Mammoth, de Lukas Moodysson (2008) [Secção Oficial]
Será que somos capazes de substituir o insubstituível? Esta é uma das muitas questões que “Mamute” nos leva a fazer. Um filme tocante e inteligente que aborda questões básicas na vida e nas relações de hoje. Uma família que, a pouco e pouco, se distancia e que procura diferentes vivências no seu dia-a-dia. Do outro lado do mundo, outra família vivendo semelhantes experiências. No centro, as prioridades profissionais que atropelam o significado de “família” e que leva a redifinir prioridades e a fazer escolhas inevitáveis. Com as óptimas interpretações de Michelle Williams e Gael Garcia Bernal. Era o nosso favorito à vitória.

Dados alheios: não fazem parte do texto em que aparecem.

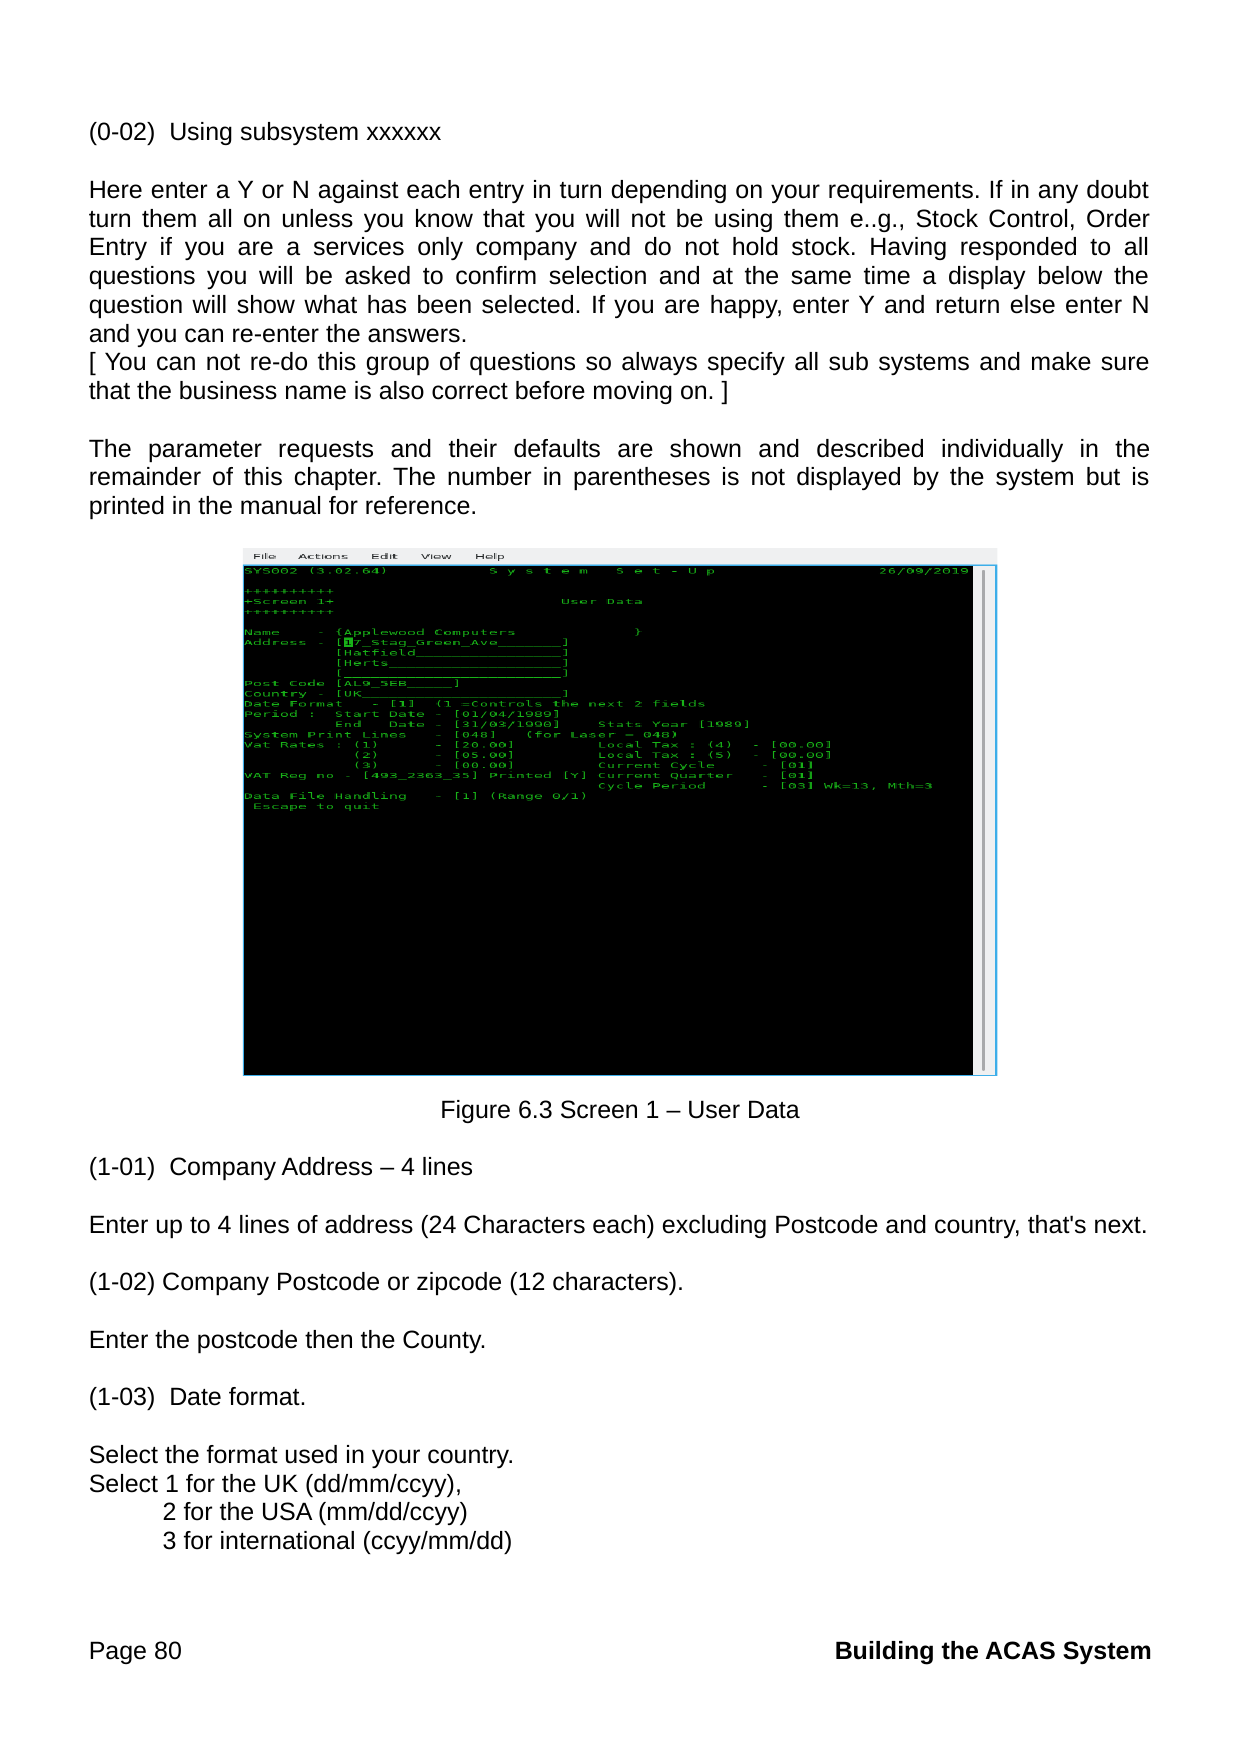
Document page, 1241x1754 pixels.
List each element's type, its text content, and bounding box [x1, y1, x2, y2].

Comboios Rigorosamente Vigiados, de Jirí Menzel (1966) [Homenagem à República Checa]
Considerado por muito boa gente como o melhor filme checo de sempre, “Comboios Rigorosamente Vigiados” é uma comédia em jeito de farsa, que descende directamente da comédia muda de Chaplin, das comédias screwball do período áureo de Hollywood (tem uma estranha obsessão por sugestões a sexo) e antecede o cinema de personagens de Wes Anderson ou Woody Allen. Nas entrelinhas, conseguimos ler no cenáiro da Segunda Guerra Mundial várias críticas subversivas ao regime comunista que se vivia então na Checoslováquia e que valeu ao filme, na altura, apenas uma nota de rodapé na história.
Mal Nascida, de João Canijo (2008) [Cinema Negro]

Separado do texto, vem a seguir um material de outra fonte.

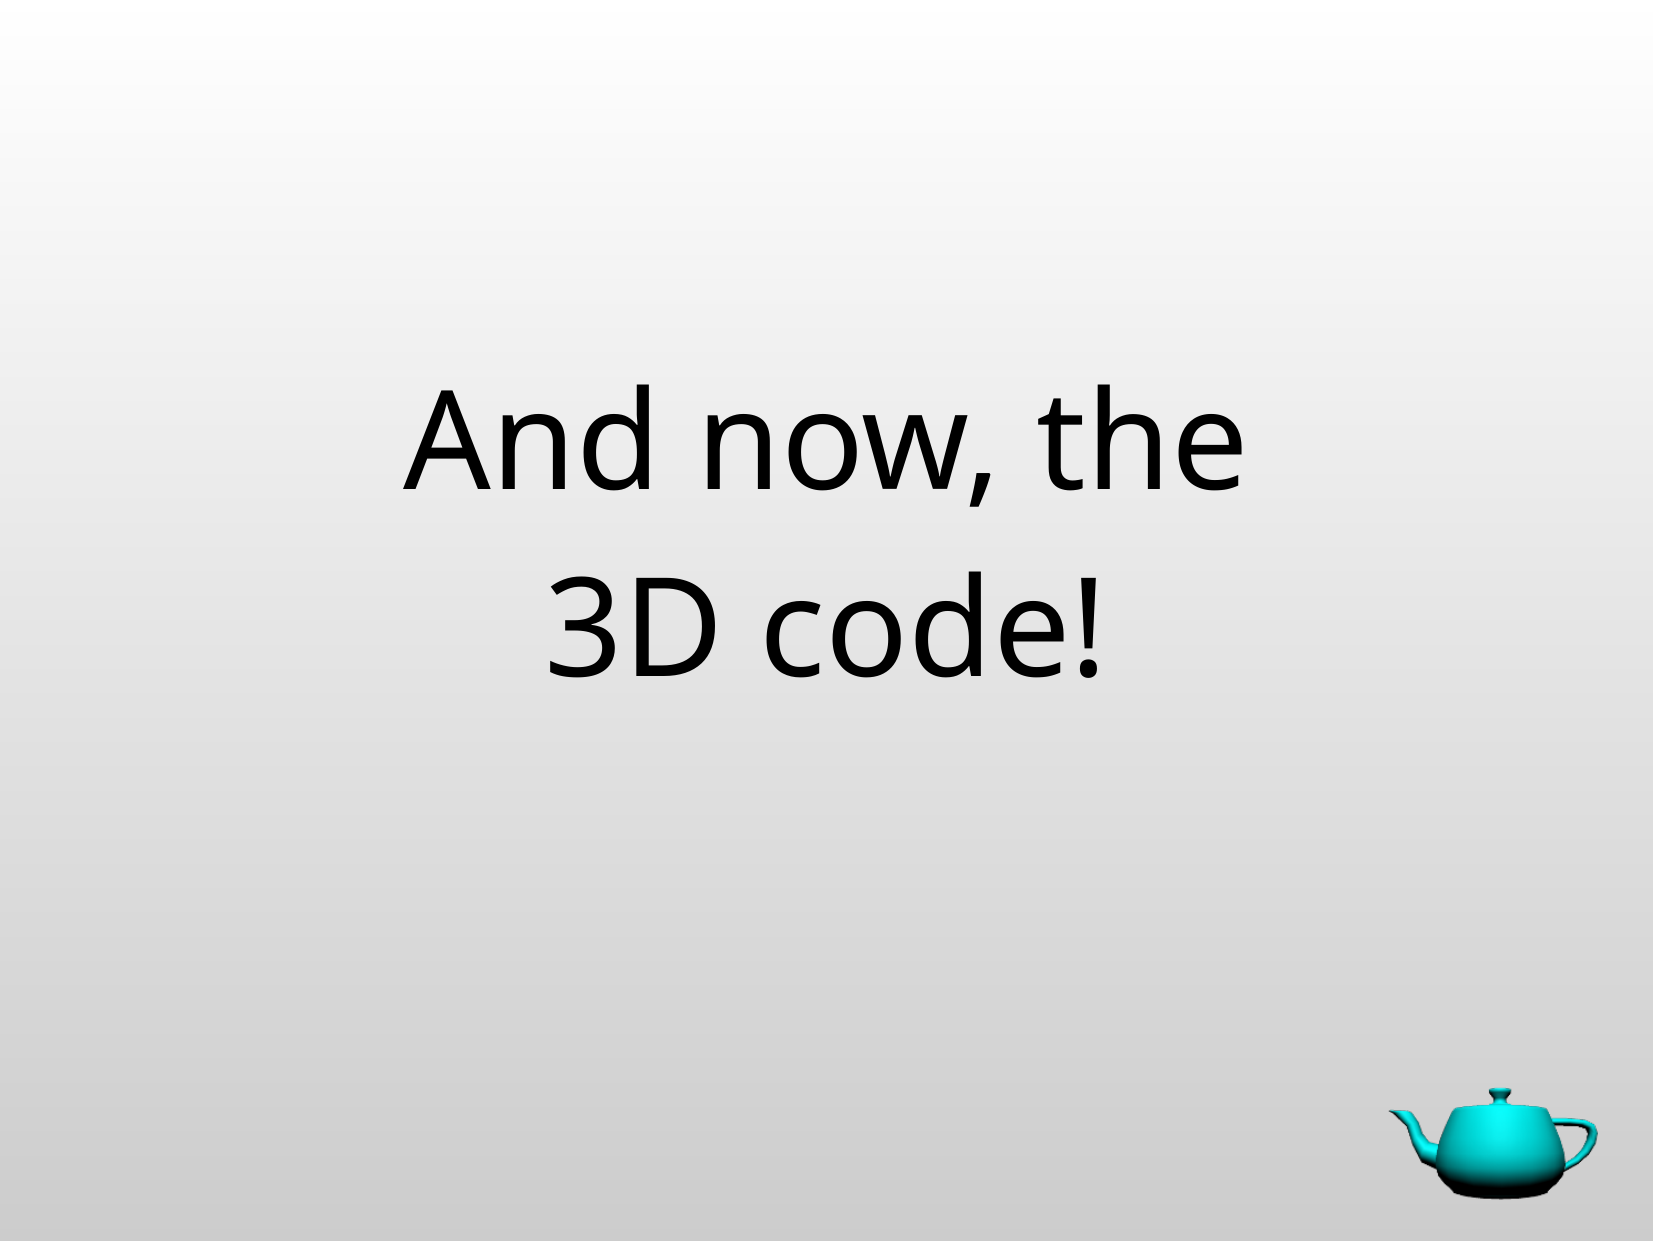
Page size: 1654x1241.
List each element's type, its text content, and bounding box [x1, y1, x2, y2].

picture [1387, 1085, 1600, 1201]
subtitle And now, the 3D code! [82, 49, 1571, 1010]

Canijo é, actualmente, um nome incontornável no cinema nacional e “Mal Nascida” prova-o. Um relato trágico-poético de uma filha maldita que lida com os fantasmas do passado e com a dor de viver com uma mãe e um padrasto que a confrontam a sua condição da encarnação do Mal (com letra maiúscula). O cenário da aldeia nortenha, perdida no mundo da civilização, é perfeita para a radiografia ao Portugal profundo. Tudo isto evitando os clichés que tantas vezes pairam sobre o novo cinema nacional. Sem pretenções ou intelectualices, “Mal Nascida” não é de todo um filme acessível mas é certamente um bom exemplo de como contar uma história convencional de forma não convencional. Isto é o lado positivo; o negativo é que, quando comparado com os outros filmes portugueses presentes no cartaz, concluimos que 2008 não foi um ano nada famoso para o cinema nacional (credo, que raio foi “Veneno Cura”?).
Longe da Terra Queimada, de Guillermo Arriaga (2008) [Ante-estreia]
Depois de uma parceria que deu excelentes frutos (“Amor Cão” ou “21 Gramas”, por exemplo), o argumentista Guillermo Arriaga separou-se do realizador Alejandro Inarritu e decidiu ele próprio fazer os seus próprios filmes. “Longe da Terra Queimada” é a sua estreia nessa cadeira e pode-se dizer que não se sai nada mal. Mantém as marcas dos filmes já citados – filme de actores, em formato mosaico, com uma tendência pelos ares do México, um ritmo pausado e uma fotografia saturada – e coloca o nosso Joaquim de Almeida na cama com Kim Basinger.